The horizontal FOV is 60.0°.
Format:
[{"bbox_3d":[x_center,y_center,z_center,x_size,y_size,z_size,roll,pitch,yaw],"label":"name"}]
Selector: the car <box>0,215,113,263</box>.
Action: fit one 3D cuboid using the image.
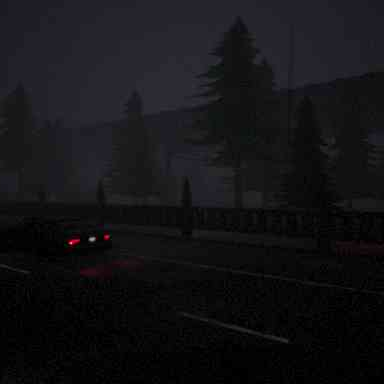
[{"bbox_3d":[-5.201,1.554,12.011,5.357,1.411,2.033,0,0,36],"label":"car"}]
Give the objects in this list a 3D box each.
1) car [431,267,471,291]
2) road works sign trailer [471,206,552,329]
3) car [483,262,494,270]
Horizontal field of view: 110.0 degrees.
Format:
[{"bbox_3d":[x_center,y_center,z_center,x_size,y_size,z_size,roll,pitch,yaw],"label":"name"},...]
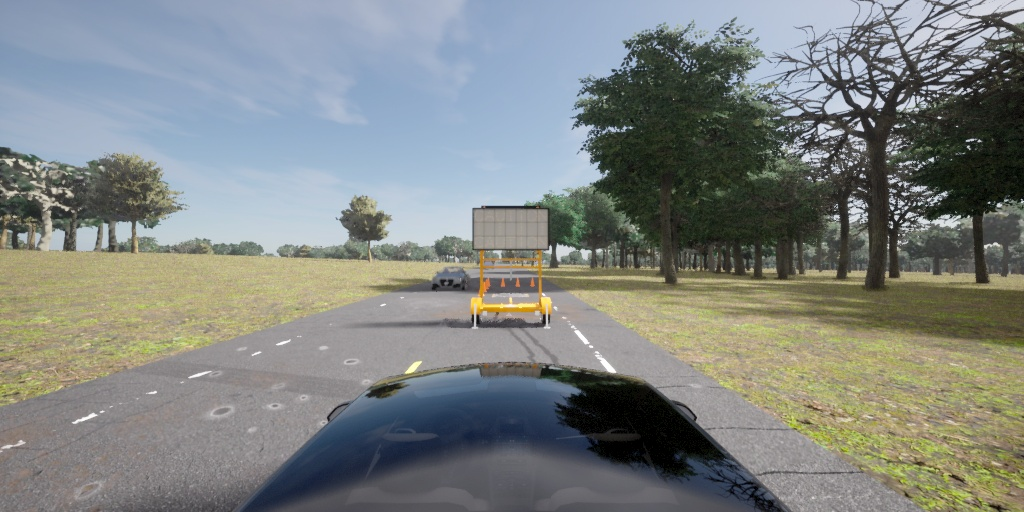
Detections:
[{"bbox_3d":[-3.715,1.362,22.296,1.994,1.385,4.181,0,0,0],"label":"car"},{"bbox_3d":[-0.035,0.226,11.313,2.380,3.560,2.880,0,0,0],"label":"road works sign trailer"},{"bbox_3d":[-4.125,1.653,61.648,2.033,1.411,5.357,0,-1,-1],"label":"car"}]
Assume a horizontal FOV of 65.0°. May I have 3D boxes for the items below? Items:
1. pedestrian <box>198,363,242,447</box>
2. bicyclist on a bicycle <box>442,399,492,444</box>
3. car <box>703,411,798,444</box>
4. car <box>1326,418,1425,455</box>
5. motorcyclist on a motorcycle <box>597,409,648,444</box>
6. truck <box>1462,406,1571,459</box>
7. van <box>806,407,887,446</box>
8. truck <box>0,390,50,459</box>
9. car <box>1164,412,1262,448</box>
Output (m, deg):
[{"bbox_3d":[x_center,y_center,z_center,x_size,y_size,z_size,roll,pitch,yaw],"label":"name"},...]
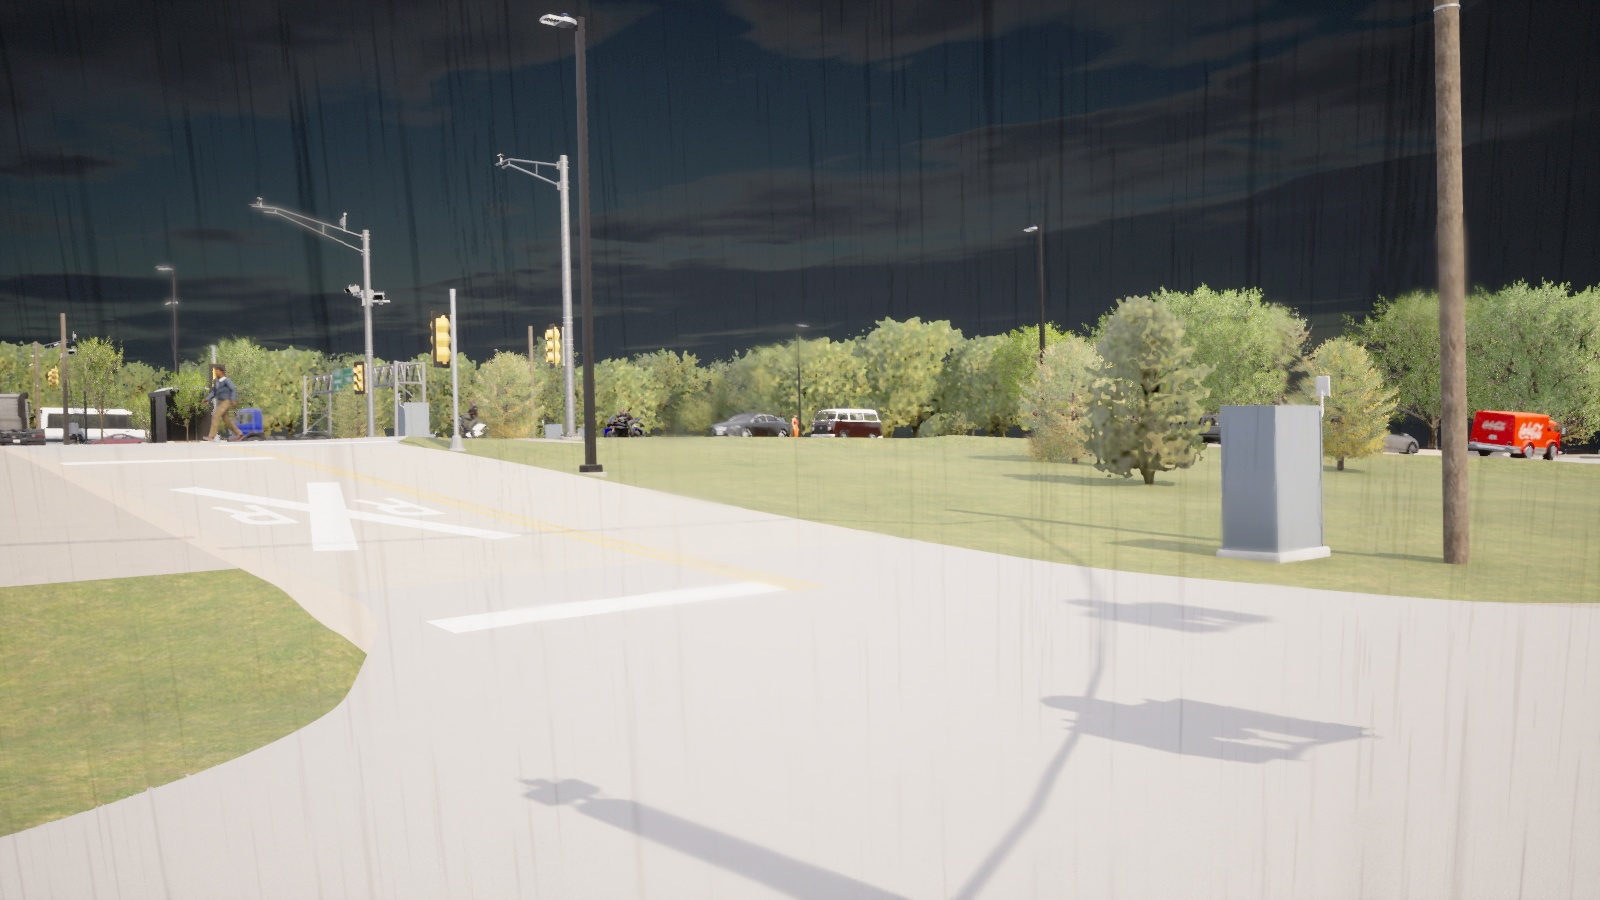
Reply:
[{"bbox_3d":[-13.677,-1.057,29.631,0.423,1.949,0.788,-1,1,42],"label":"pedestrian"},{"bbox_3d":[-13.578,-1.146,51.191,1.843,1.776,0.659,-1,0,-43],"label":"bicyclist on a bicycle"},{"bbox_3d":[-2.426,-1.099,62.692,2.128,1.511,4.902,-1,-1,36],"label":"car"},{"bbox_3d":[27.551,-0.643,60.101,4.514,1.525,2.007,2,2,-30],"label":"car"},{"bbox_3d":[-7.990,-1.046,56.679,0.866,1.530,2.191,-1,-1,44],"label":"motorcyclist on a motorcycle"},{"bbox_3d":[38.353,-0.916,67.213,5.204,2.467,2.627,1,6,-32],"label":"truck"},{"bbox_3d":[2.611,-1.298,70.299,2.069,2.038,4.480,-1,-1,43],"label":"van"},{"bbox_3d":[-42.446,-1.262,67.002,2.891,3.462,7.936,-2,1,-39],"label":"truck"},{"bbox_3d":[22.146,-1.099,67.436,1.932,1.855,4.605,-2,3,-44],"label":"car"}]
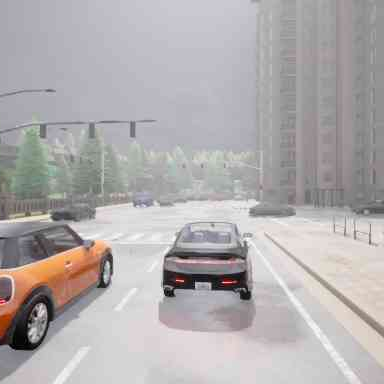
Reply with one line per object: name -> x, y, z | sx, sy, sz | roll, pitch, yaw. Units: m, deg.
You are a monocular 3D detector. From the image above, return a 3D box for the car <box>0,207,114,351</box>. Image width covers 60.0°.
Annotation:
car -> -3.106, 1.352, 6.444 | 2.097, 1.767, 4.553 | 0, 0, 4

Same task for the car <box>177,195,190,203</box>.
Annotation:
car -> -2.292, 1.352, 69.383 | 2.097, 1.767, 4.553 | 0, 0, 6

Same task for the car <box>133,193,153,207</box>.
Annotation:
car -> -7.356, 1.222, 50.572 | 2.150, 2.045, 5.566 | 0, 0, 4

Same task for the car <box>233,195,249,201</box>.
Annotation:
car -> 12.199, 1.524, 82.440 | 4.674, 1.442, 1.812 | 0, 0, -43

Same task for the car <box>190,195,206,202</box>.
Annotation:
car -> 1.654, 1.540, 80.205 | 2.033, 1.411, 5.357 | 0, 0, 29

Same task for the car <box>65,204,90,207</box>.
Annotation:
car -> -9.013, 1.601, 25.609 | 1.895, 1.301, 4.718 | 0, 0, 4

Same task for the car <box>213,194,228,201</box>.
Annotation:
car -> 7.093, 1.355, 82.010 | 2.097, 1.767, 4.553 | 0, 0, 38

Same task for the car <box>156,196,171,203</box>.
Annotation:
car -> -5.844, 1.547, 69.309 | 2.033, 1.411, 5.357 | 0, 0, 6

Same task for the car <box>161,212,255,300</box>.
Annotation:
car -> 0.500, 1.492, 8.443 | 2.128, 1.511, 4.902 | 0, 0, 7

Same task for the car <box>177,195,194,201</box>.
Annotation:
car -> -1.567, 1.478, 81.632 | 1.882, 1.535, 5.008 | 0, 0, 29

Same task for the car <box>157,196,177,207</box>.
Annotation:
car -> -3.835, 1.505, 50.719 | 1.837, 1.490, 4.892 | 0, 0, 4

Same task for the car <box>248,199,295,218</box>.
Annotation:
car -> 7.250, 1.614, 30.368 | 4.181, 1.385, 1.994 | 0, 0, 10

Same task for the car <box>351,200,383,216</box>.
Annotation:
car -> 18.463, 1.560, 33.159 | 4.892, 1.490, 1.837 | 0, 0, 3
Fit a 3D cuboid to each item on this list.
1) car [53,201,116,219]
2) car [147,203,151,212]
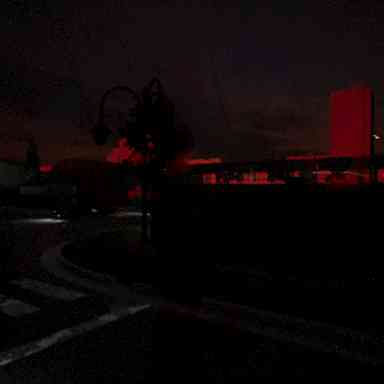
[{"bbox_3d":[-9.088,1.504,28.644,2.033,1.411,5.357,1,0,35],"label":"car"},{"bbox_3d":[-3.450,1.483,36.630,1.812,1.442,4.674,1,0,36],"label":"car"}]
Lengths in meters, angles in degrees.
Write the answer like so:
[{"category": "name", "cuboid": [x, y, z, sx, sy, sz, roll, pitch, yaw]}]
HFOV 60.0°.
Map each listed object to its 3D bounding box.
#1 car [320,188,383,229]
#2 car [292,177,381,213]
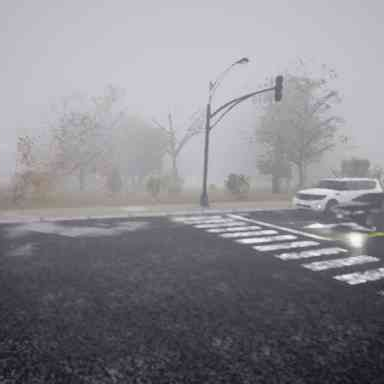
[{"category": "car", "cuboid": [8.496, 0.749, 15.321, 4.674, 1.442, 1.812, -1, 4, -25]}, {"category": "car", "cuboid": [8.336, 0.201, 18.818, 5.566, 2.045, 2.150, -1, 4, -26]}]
-=-=-=-=-
The answer must be every line of the listing that holds the word "this".

- Result below -
Give the objects in this list a 3D box each.
Fit a 3D cuboid to each item on this list.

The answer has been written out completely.